### Task requirements
If a record holds a picture, leave the picture out, but write out everything else exactly.

START Dataset entries

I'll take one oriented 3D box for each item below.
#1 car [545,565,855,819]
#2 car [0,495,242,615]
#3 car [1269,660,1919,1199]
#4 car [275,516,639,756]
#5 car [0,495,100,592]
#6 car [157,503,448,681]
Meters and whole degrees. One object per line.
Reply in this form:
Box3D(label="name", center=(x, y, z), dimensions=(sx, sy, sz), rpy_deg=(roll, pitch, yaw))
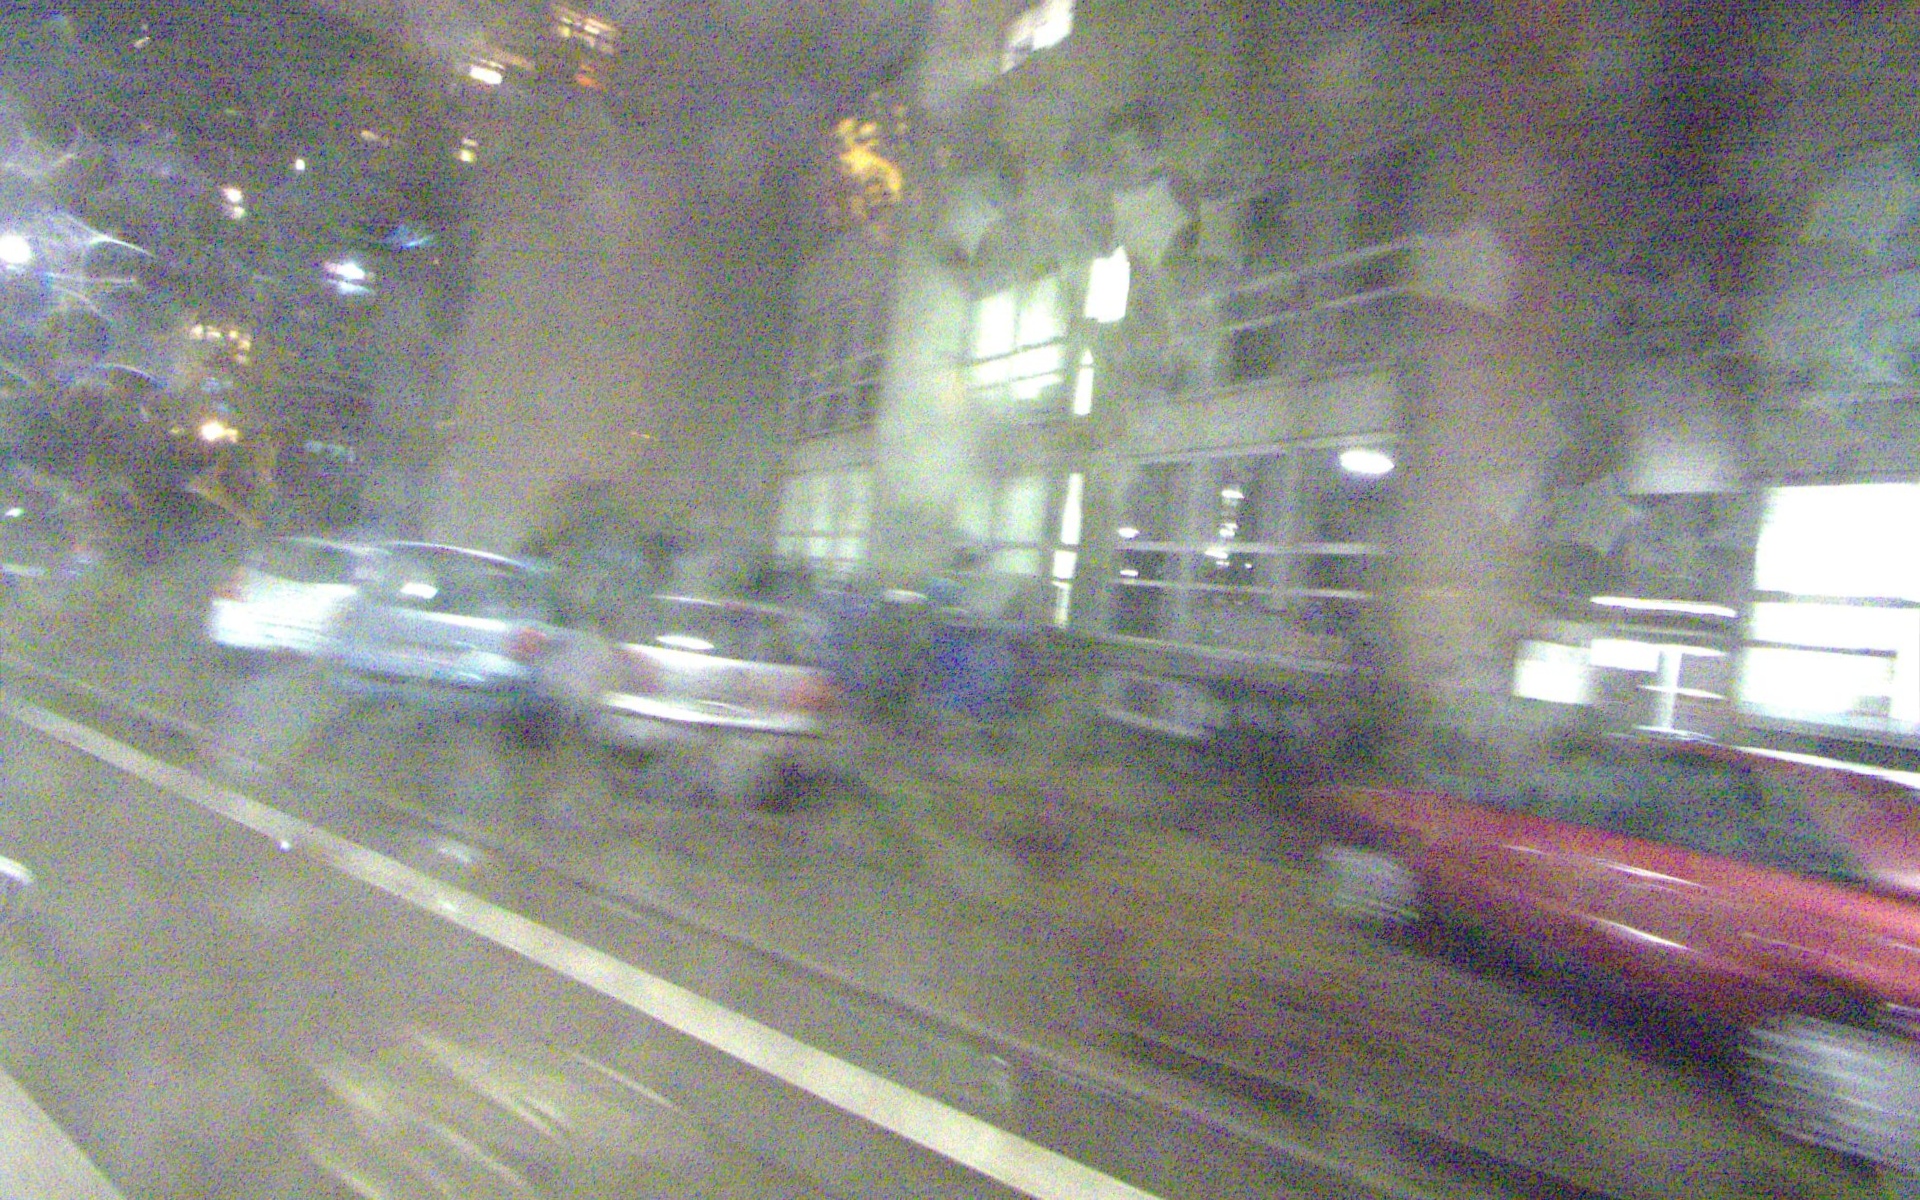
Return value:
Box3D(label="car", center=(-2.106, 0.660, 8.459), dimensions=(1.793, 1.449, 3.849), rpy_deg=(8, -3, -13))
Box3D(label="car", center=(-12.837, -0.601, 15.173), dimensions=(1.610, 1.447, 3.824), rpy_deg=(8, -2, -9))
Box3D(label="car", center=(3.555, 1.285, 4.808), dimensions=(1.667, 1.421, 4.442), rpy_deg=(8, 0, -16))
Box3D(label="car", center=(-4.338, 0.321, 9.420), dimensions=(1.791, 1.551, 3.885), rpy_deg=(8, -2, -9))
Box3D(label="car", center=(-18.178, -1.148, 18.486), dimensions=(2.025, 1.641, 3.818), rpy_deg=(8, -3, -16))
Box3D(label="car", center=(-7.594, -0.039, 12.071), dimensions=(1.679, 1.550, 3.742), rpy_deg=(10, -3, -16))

END Dataset entries

### Answer
I'll take one oriented 3D box for each item below.
#1 car [545,565,855,819]
#2 car [0,495,242,615]
#3 car [1269,660,1919,1199]
#4 car [275,516,639,756]
#5 car [0,495,100,592]
#6 car [157,503,448,681]
Meters and whole degrees. One object per line.
Reply in this form:
Box3D(label="name", center=(x, y, z), dimensions=(sx, sy, sz), rpy_deg=(roll, pitch, yaw))
Return value:
Box3D(label="car", center=(-2.106, 0.660, 8.459), dimensions=(1.793, 1.449, 3.849), rpy_deg=(8, -3, -13))
Box3D(label="car", center=(-12.837, -0.601, 15.173), dimensions=(1.610, 1.447, 3.824), rpy_deg=(8, -2, -9))
Box3D(label="car", center=(3.555, 1.285, 4.808), dimensions=(1.667, 1.421, 4.442), rpy_deg=(8, 0, -16))
Box3D(label="car", center=(-4.338, 0.321, 9.420), dimensions=(1.791, 1.551, 3.885), rpy_deg=(8, -2, -9))
Box3D(label="car", center=(-18.178, -1.148, 18.486), dimensions=(2.025, 1.641, 3.818), rpy_deg=(8, -3, -16))
Box3D(label="car", center=(-7.594, -0.039, 12.071), dimensions=(1.679, 1.550, 3.742), rpy_deg=(10, -3, -16))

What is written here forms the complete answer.